Despite acknowledging a great debt to this Black musical heritage, when Atkins bought his first piece of electronic equipment (a Korg MS-10 from the back room of a shop where his grandmother was having her Hammond B-3 organ repaired), it was to the mechanical soul of urban Germany that he looked. “I was really mesmerized by the precision of their music; everything was really robotic,” he explains on first hearing Kraftwerk. “Man—a light went on in my head.” While Kedwo Eshun recognizes techno’s debt to the Black futurism so evident in the progressive fusion of “Nobu,” he also notes in his book that for Atkins and his associates, “Kraftwerk are to techno what Muddy Waters is to the Rolling Stones, the authentic, the original, the real.” In truth, techno’s futuristic path probably began somewhere between Düsseldorf and
Detroit. In Dan Sicko’s book Techno Rebels, Kraftwerk’s Karl Bartos suggests as much when he explains the origins of their own influences: “We were all fans of American music: soul, the whole Tamla/Motown thing… We always tried to make an American rhythm feel, with a European approach to harmony and melody.”

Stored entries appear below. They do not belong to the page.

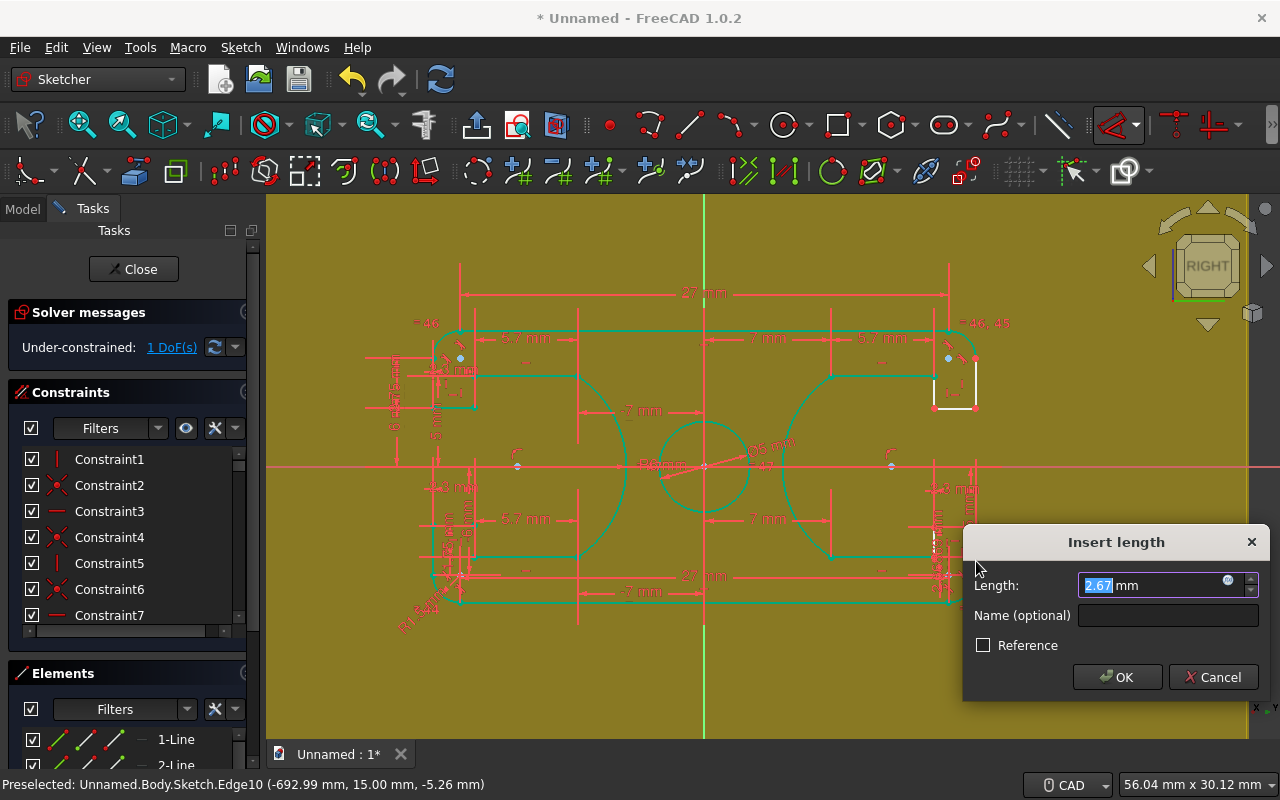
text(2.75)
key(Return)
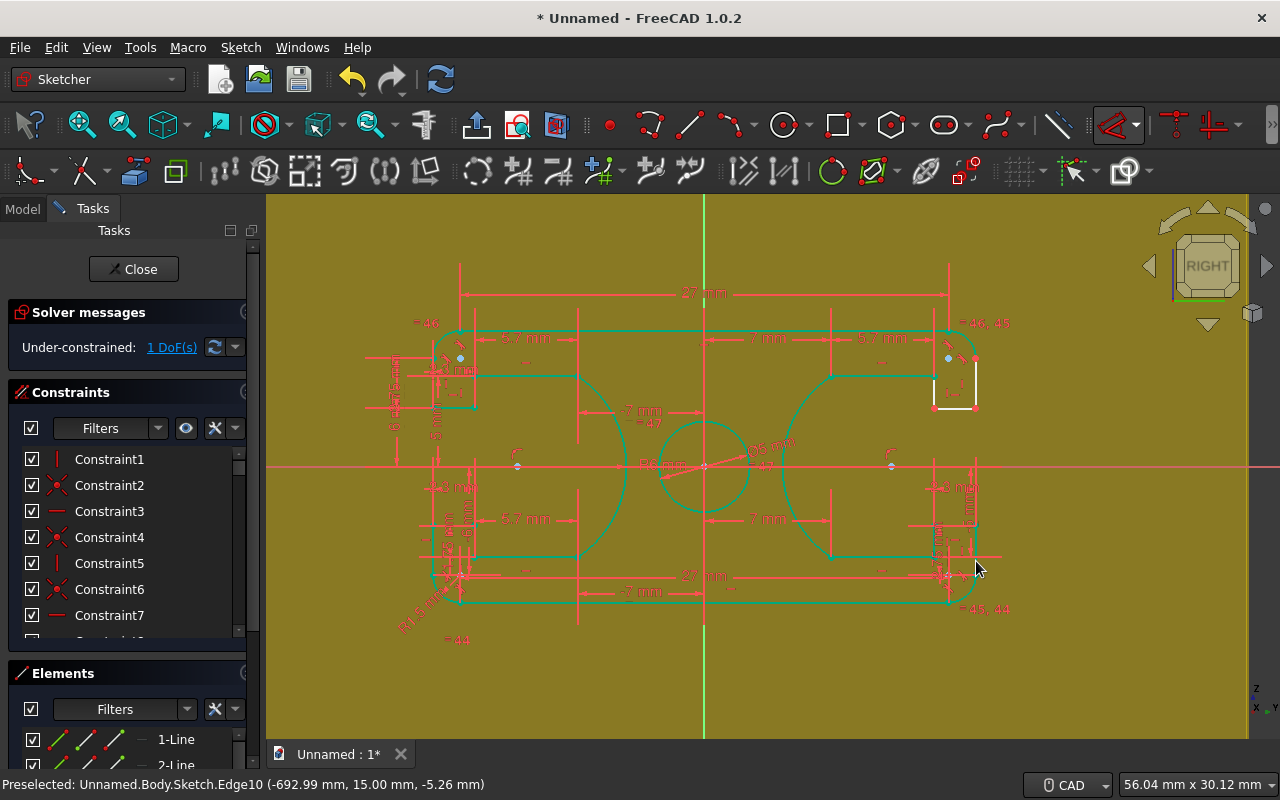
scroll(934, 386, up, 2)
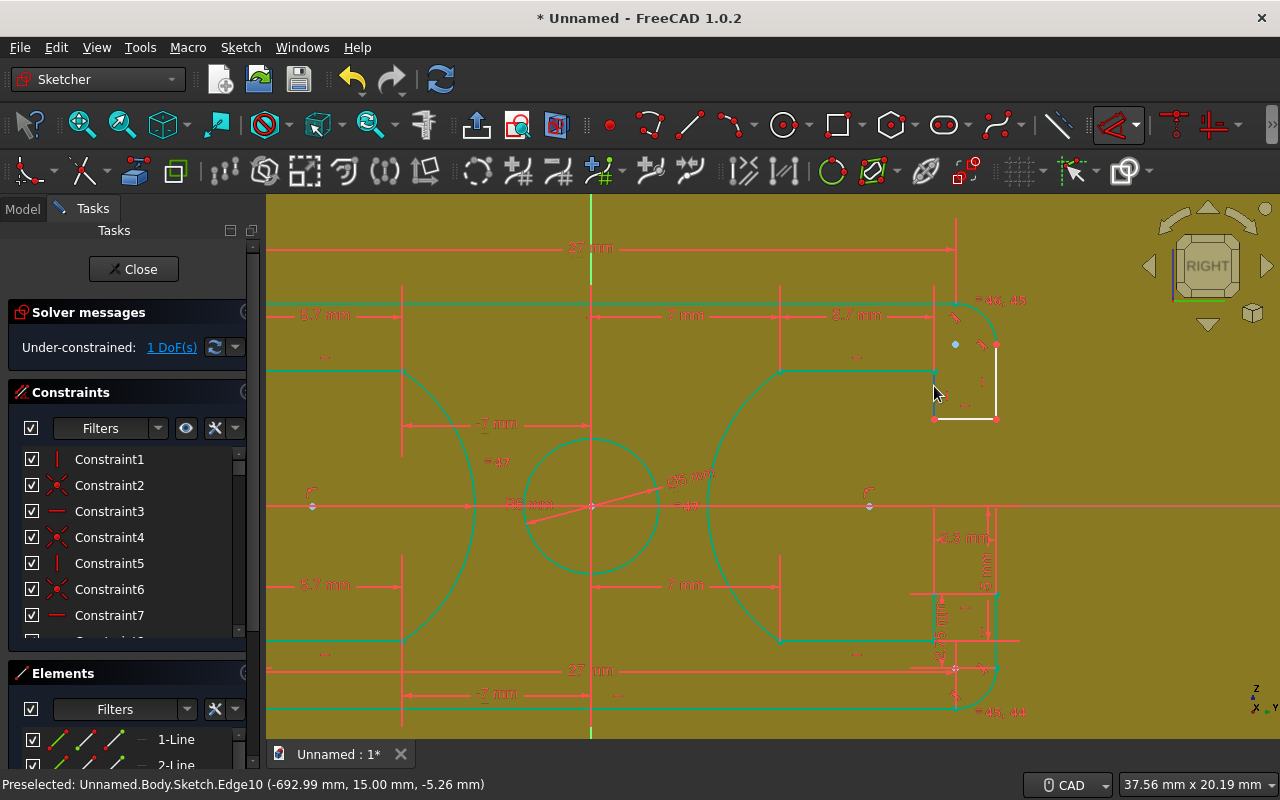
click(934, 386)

The turn of the ’80s had seen kids in Detroit’s Black middle- class neighborhoods make up for the lack of cultural activi- ties in the city by creating their own network of parties, where aspirational fashions were the order of the day. “The scene was made up of lower-middle-class and upper-working-class Black people, basically preppy college kids wanting to be different,” remembers Saunderson. “They dressed a certain way and thought they were more important than they were.” Derrick May, whose first experience of clubbing was through the athletics club where he was a member, agrees: “It was really a highfalutin thing, really just for kids who lived in a certain community. Rich Black kids from places like Palmer Woods and Indian Village.” However pretentious and cliquey the scene might have been, it revolved around some forward-thinking music. “Although it was college based, the music was very progressive,” recalls Saunderson. “A mix of disco with lots of European stuff, especially all the Italian.”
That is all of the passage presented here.